== Task requirements ==
From the line that contains "This view is" through the closing line of the entries, write out each line exactly; pictures stay out.

== Exercise input ==

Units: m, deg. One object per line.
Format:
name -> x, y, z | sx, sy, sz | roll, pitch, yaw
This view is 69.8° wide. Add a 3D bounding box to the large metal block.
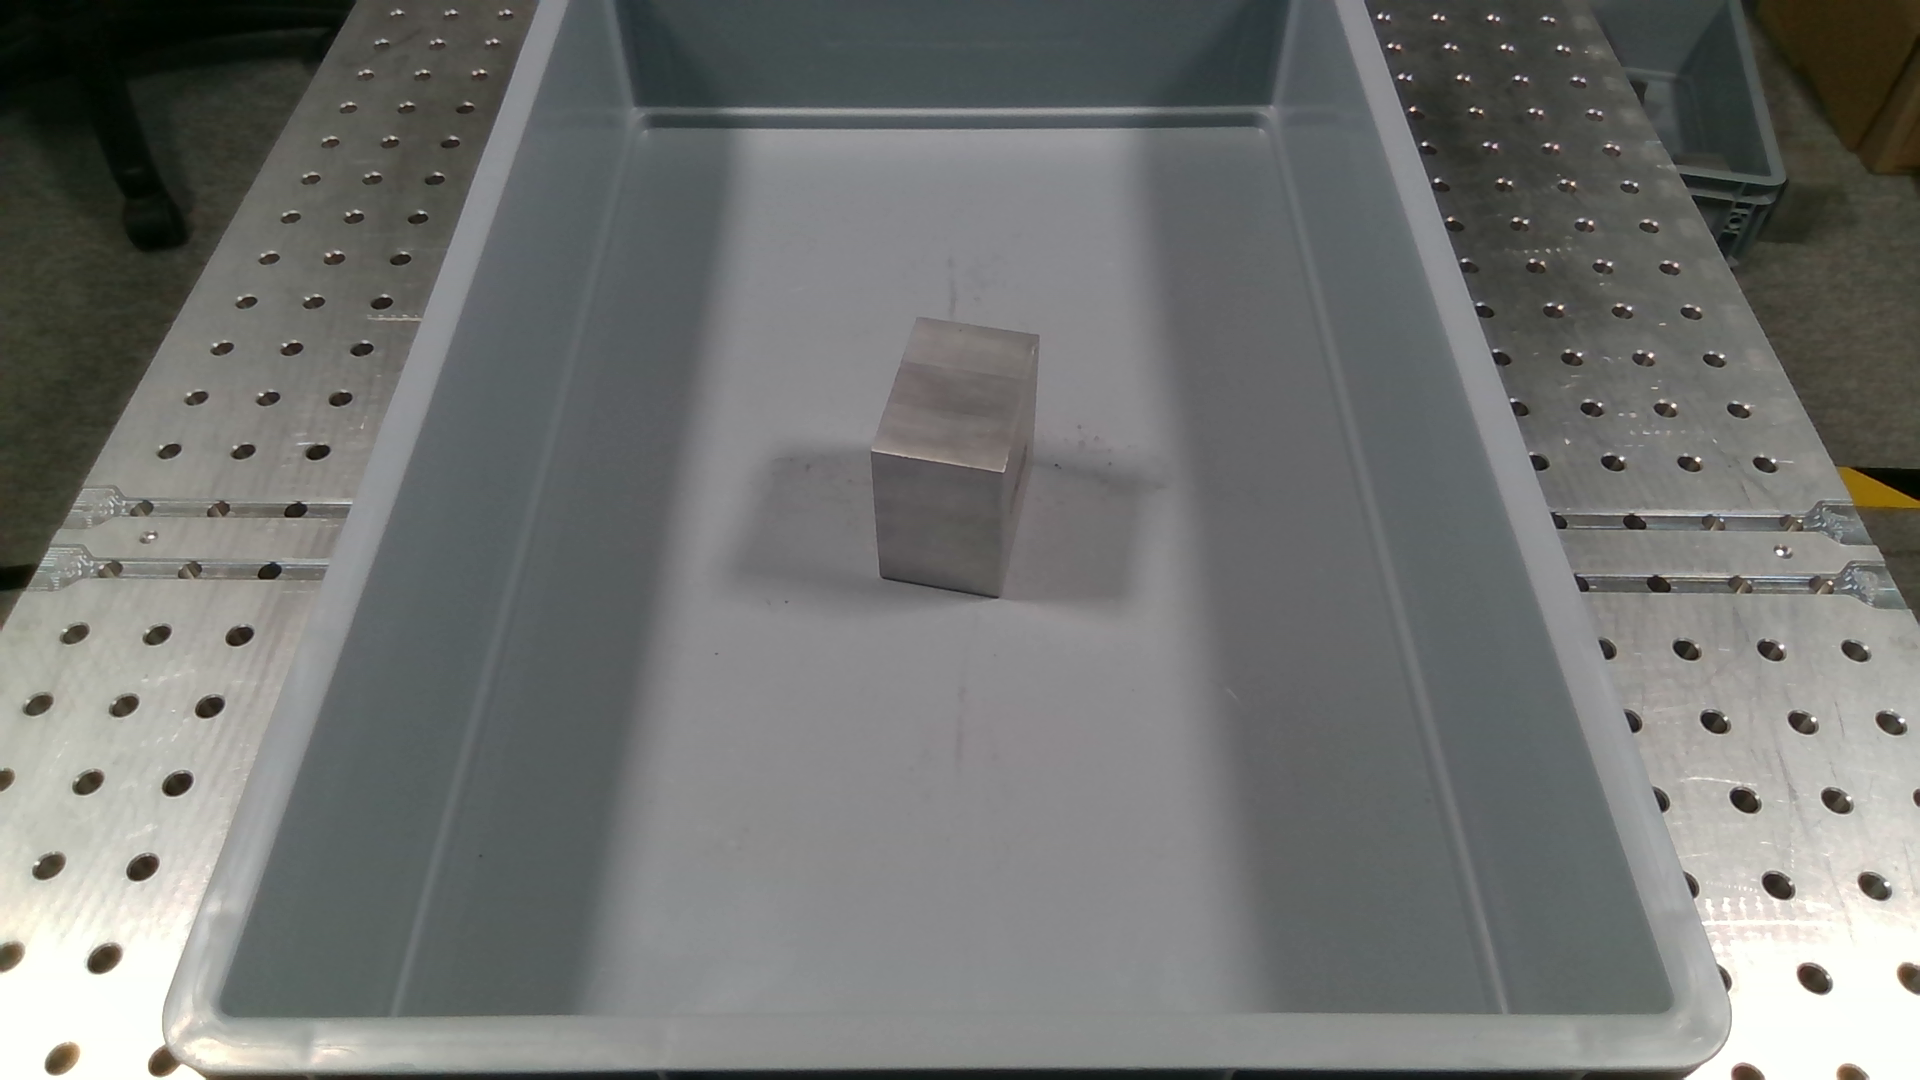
large metal block -> -0.001, -0.034, 0.577 | 0.050, 0.080, 0.080 | 9, 51, 8

== Response box ==
This view is 69.8° wide. Add a 3D bounding box to the large metal block.
large metal block -> -0.001, -0.034, 0.577 | 0.050, 0.080, 0.080 | 9, 51, 8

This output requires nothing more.